В своем ярком платье и с цветками граната в волосах Мариетта покинула Пиету под аплодисменты девушек и учителей, которым предстояло смотреть с окруженной канатом части Рива-делла-Скьявони. Венеция была наиболее красивой в праздничные дни. Гобелены и шелковые знамена алого, пурпурного, изумрудного и охряного цветов с вплетенными позолоченными и серебряными нитями реяли обвитые цветочными гирляндами. Огромная герцогская баржа с красным бархатным балдахином стояла у набережной около дворца дожа. Ожидая возможности сопровождать ее, рядом находилось так много маленьких лодок, что казалось, будто вышитое покрывало из шелка было наброшено на воду. Люди заняли все доступные места обзора, многие забрались на отдельно стоящую колокольню, где уселись заранее на выступах в сотнях футов от земли.

Мариетта, заняв свое место на борту вместе с музыкантами, улыбнулась, слушая, как все колокола Венеции ликовали в этом ежегодном праздновании дня, который был одновременно церковным и имперским праздником. Еще больше аплодисментов раздалось из толпы, когда дож и его свита поднялись на борт, и он сел в свое позолоченное кресло в самой высокой части палубы. Пушки прогрохотали с кораблей в лагуне, и длинные ряды сотен весел начали двигаться вперед-назад в неторопливом ритме, ведя «Бучинторо», баржу государства и символ империи, через усыпанную цветами воду в направлении к Лидо.

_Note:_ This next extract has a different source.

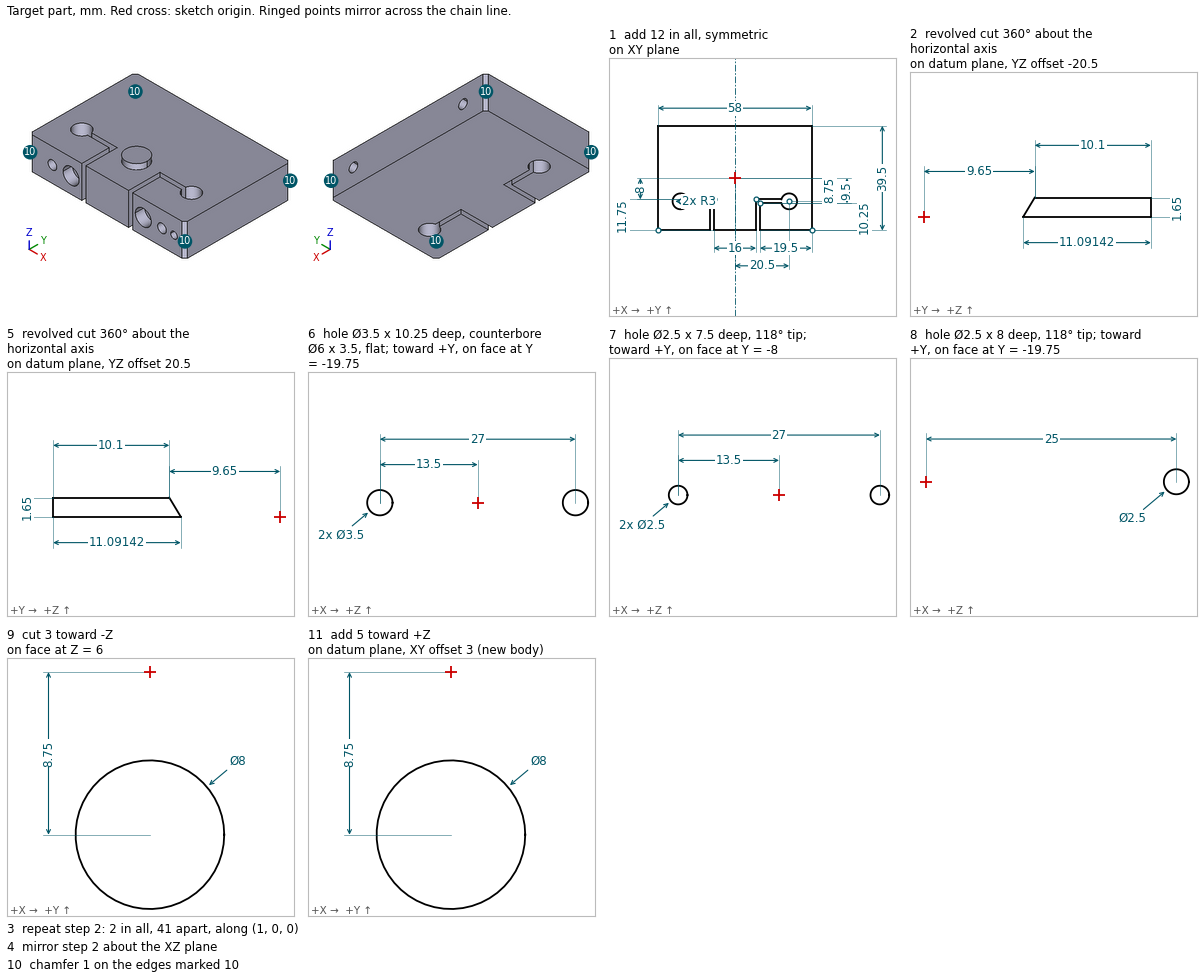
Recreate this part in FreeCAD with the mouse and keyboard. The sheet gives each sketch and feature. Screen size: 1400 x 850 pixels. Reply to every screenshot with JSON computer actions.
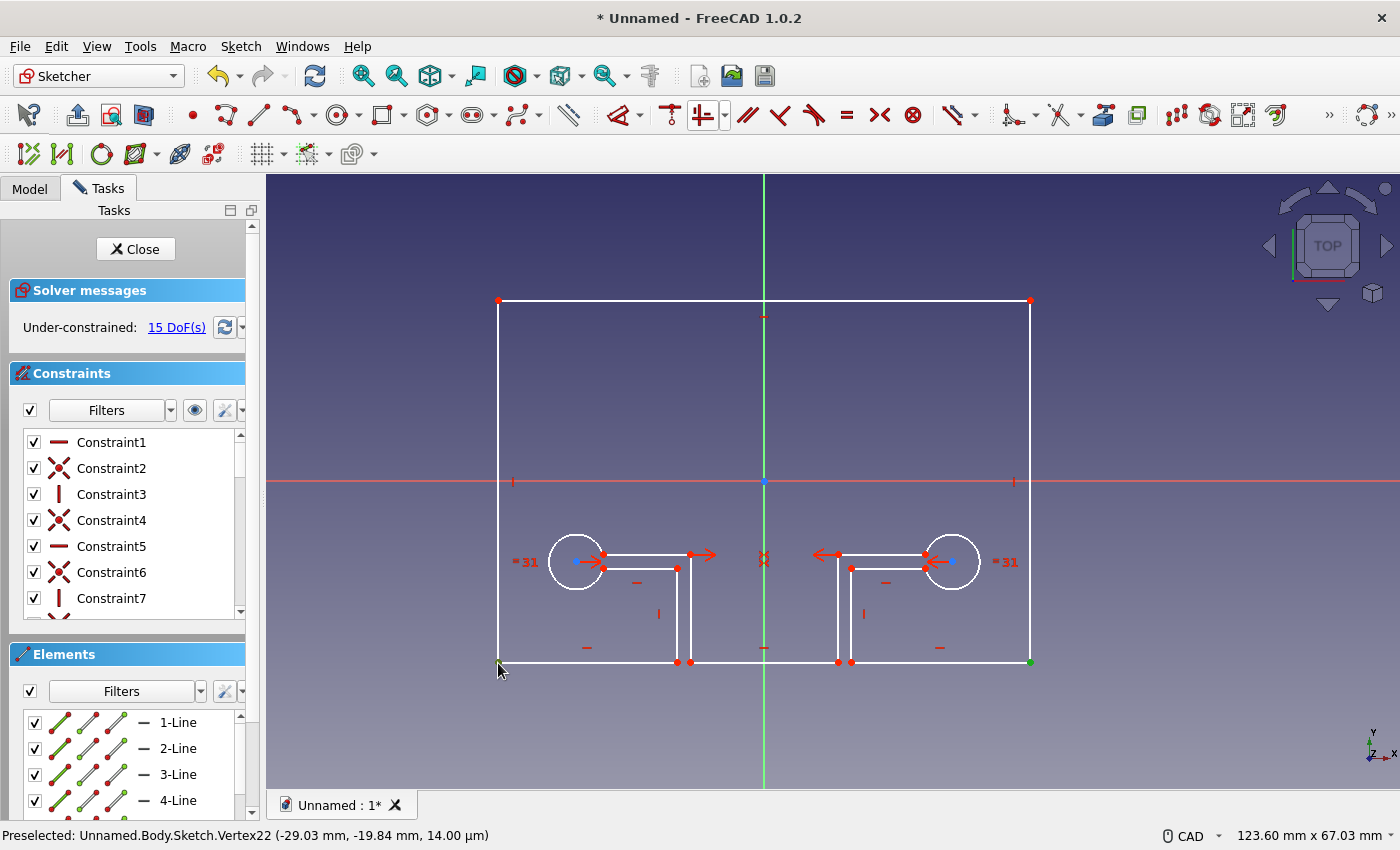
{"action": "left_click", "coordinate": [764, 721]}

Представляя голос Венеции как невесты, Мариетта пела для Адриатики, напоминая ей и всем нациям, что Ла-Серениссима — Венецианская республика — со своей красотой и богатством, морским могуществом и военными сражениями всегда распространяла свое величие по бушующим волнам. Многие из сопровождающих лодок слышали, как голос Мариетты далеко разносился по воде. Когда баржа прошла через канал Лидо, дож подошел к носу судна и бросил обручальное кольцо в море.

— Мы брачуемся с тобой, о море, — низко прозвучал его голос, — в знак нашего вечного владычества.

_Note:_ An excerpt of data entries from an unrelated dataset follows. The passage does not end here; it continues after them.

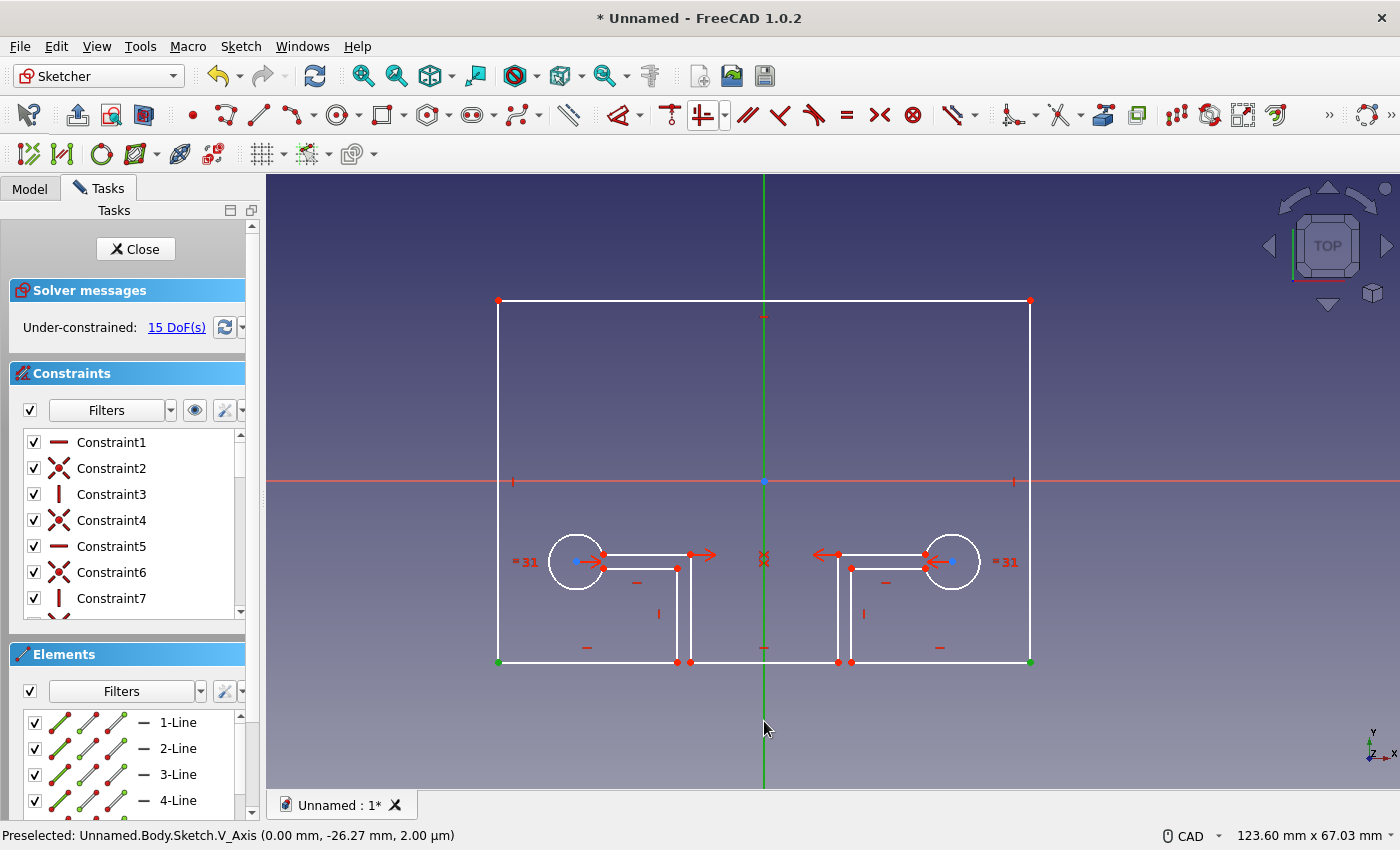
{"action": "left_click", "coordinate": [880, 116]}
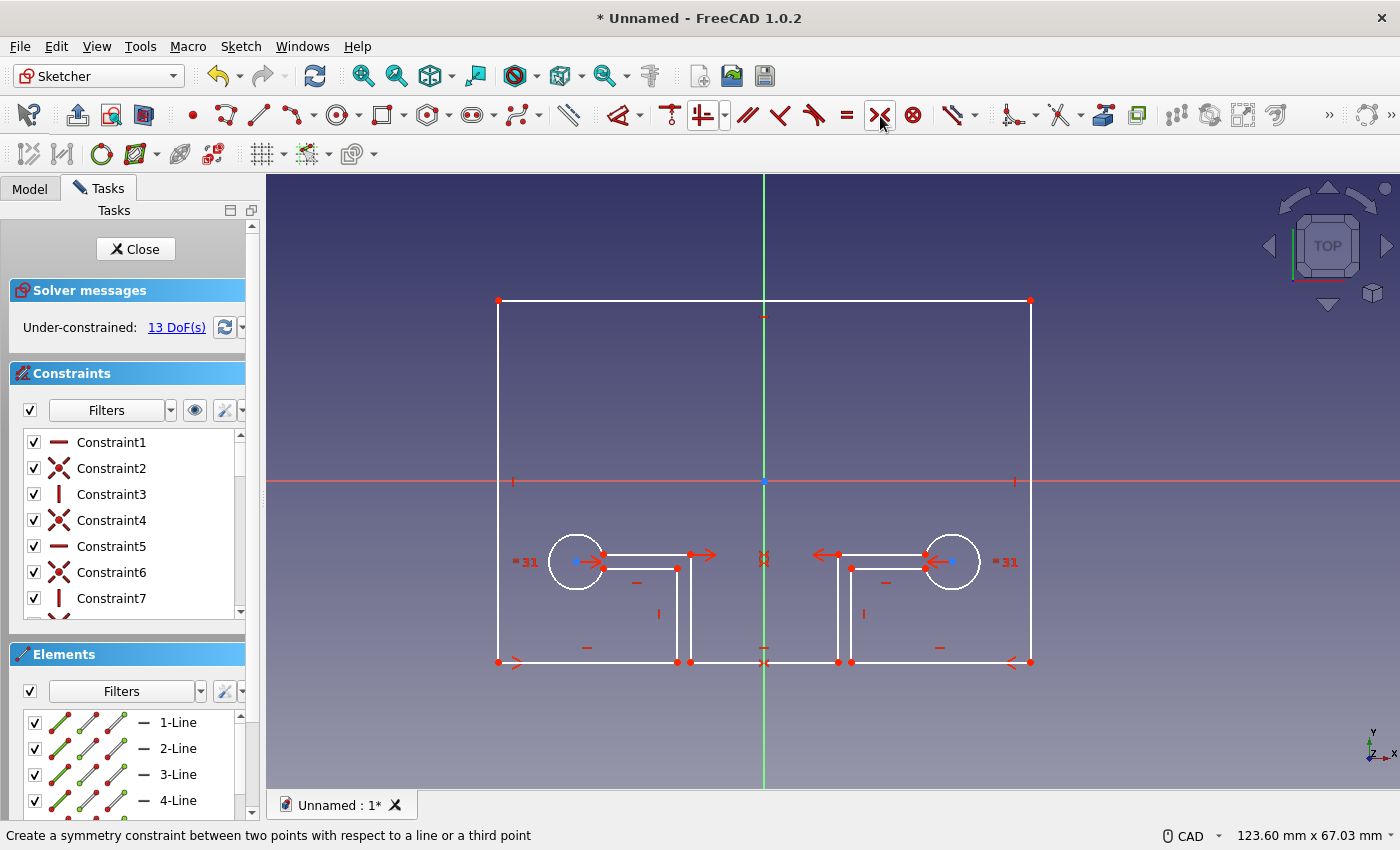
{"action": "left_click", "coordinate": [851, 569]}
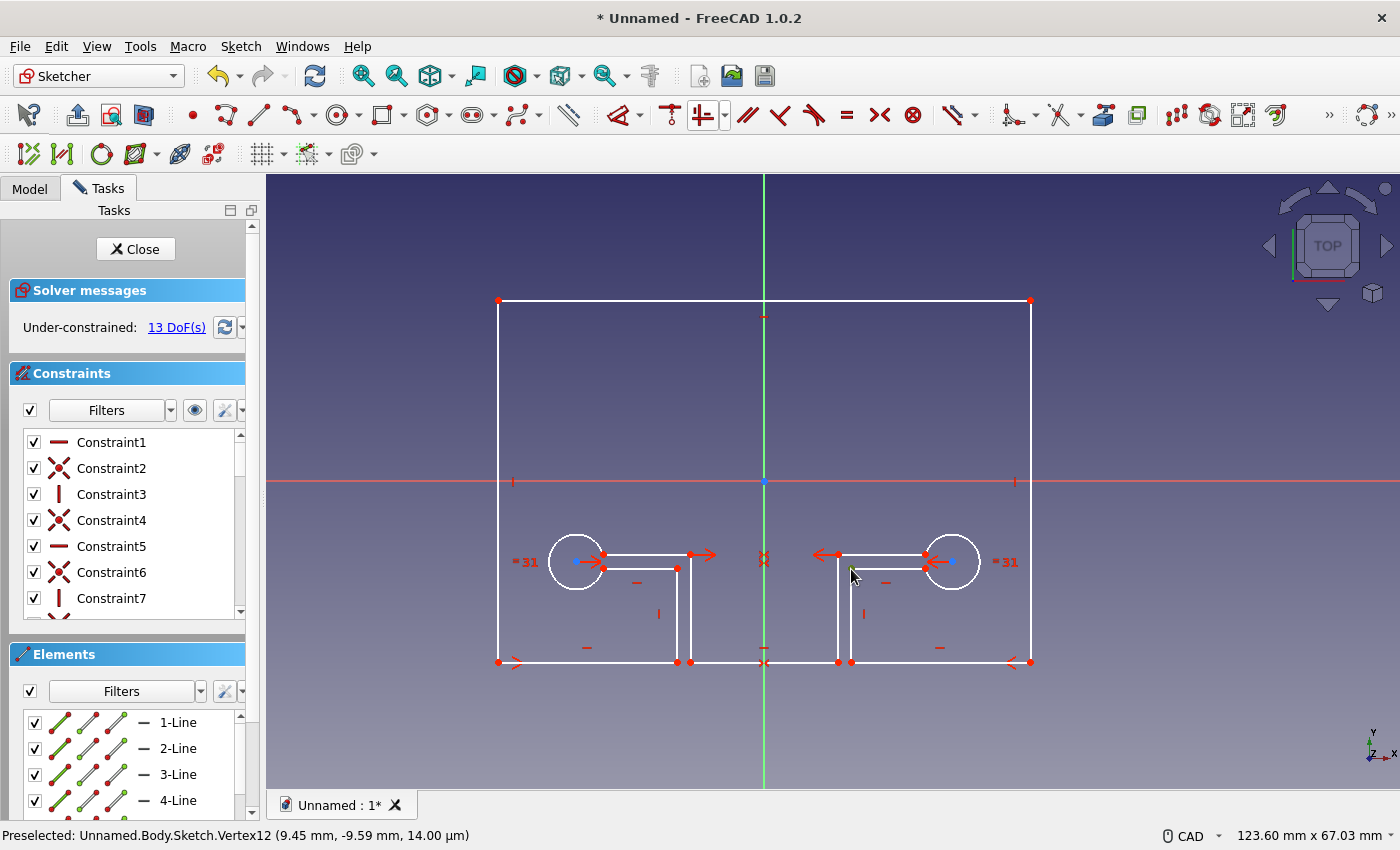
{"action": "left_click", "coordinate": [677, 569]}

Никто не слушал Мариетту более внимательно и не наблюдал за ней более пристально, чем Доменико Торриси, который в своей сенаторской красной одежде был на борту с герцогской свитой, потому что он снова занял свою должность в Большом Совете со времен возвращения в Венецию.

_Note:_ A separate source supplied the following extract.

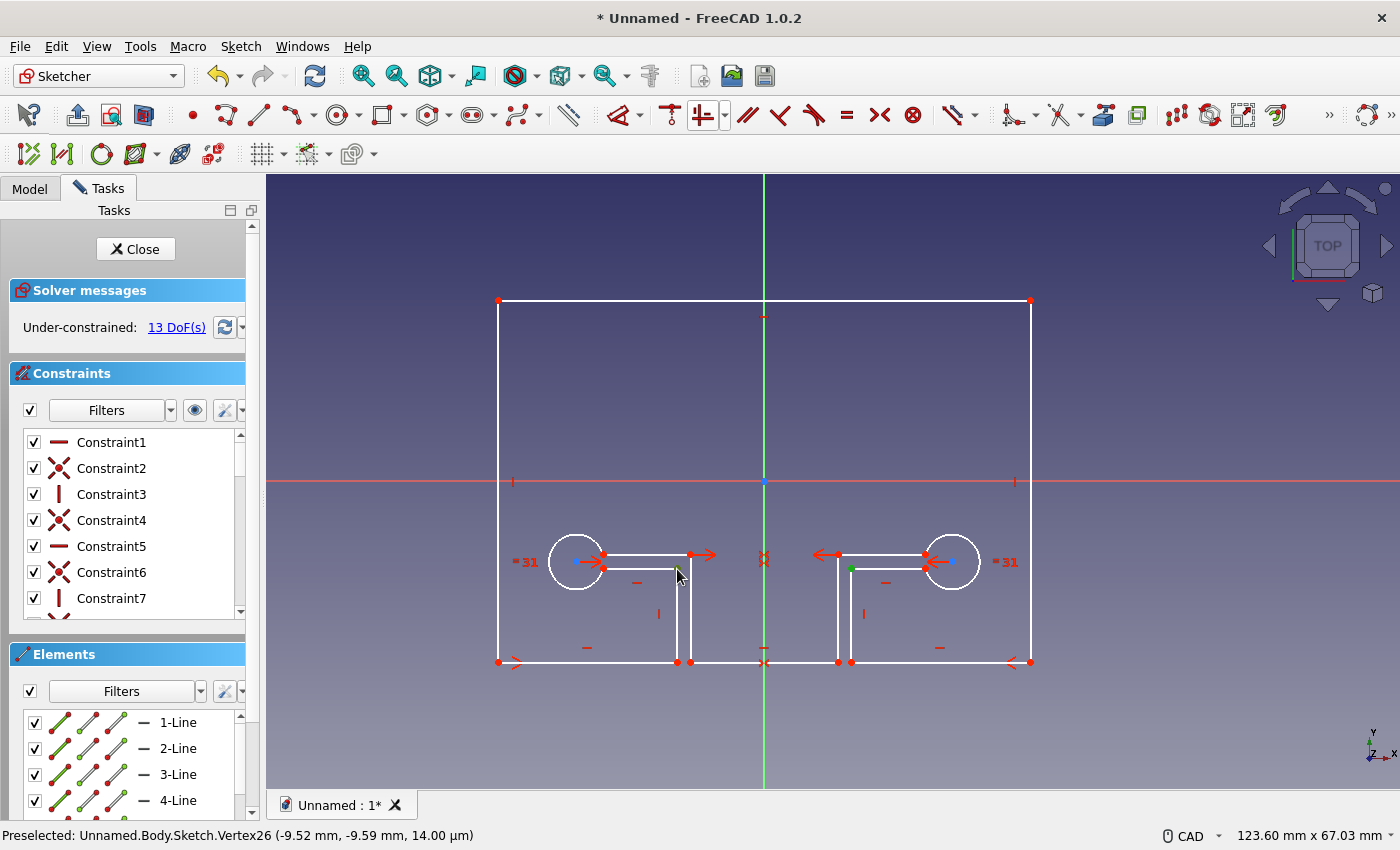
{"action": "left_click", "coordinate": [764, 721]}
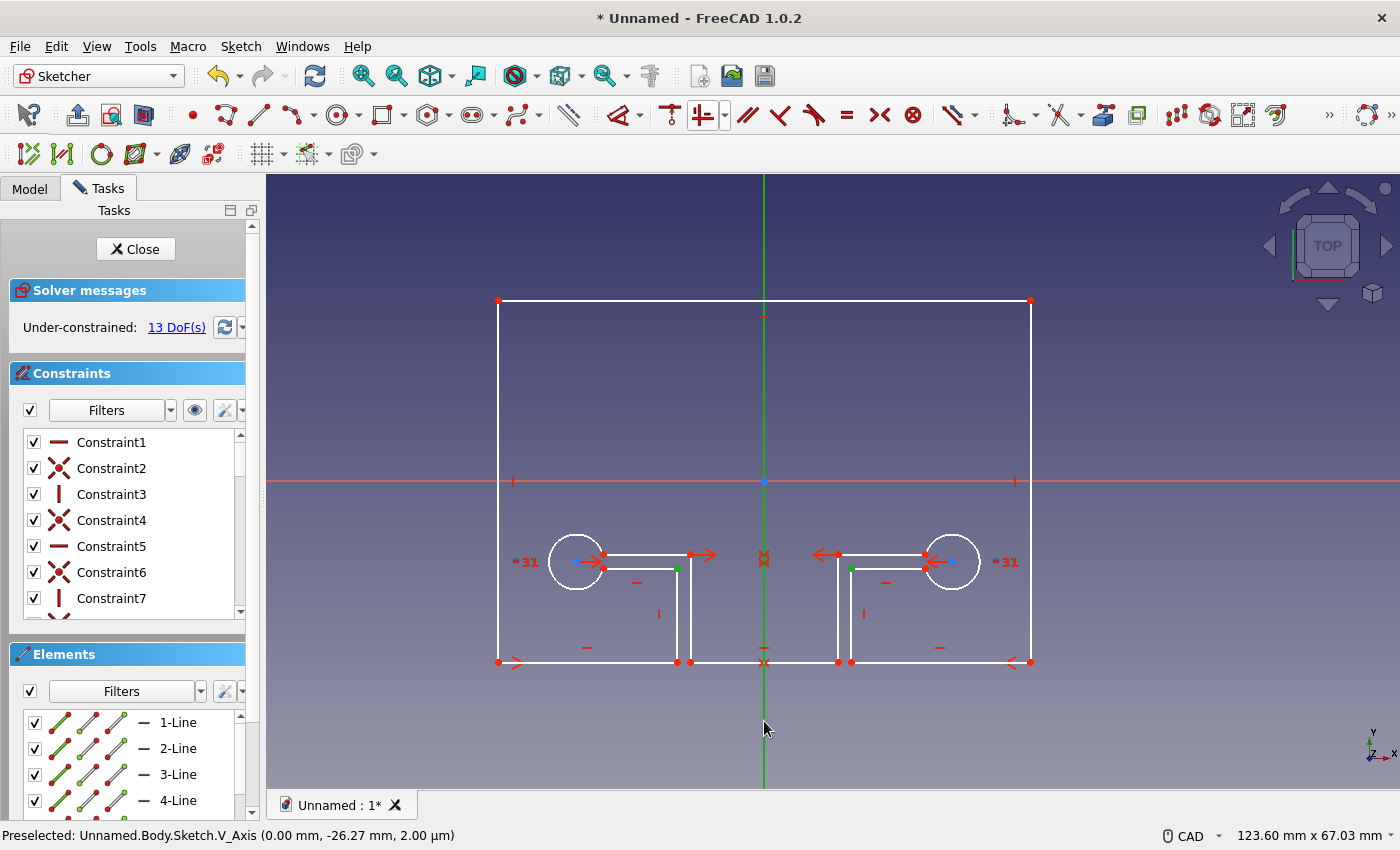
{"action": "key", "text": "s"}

Если его глаза оценивали красоту девушки в алом платье с цветками граната в сияющих волосах, то выражение его лица было сформировано другими чувствами. Это была странная смесь нетерпеливого ожидания, гнева, недовольства и — в такой особенный день — неприязни. Когда морской бриз играл ее волосами, а атлас низко вырезанного лифа обнажал полную очаровательную грудь, Доменико испытывал — как осознавал, с тех пор как она уловила его взгляд, — неистовое влечение, которое было далеко от любого более возвышенного чувства. Когда она просила его не выдавать ее властям Пиеты, он мог надавить на нее, чтобы сделать ее участницей ночных встреч. Вернувшись из путешествия, он обнаружил поджидающий его отчет о ней, который был организован Анжелой и который он забыл отменить. Из него он узнал, что француз, с которым он ее видел, был Алекс Десгранж, сын пожилого торговца шелком из Лиона. Также из Франции сообщали, что фабрика Десгранжа находилась на грани банкротства и, несмотря на усилия молодого человека по его возвращении и денег д'Уанвиль, которые были инвестированы в дело, фабрика испытывала большие трудности. Было мало вероятности, что молодой человек снова посетит Венецию в ближайшем будущем, даже если он все еще хочет этого. Тем не менее действия француза нельзя было предсказать, и Доменико решил, что ввиду определенного обязательства, которое было наложено на него его покойной женой, он должен сделать шаг, чтобы устроить будущее Мариетты.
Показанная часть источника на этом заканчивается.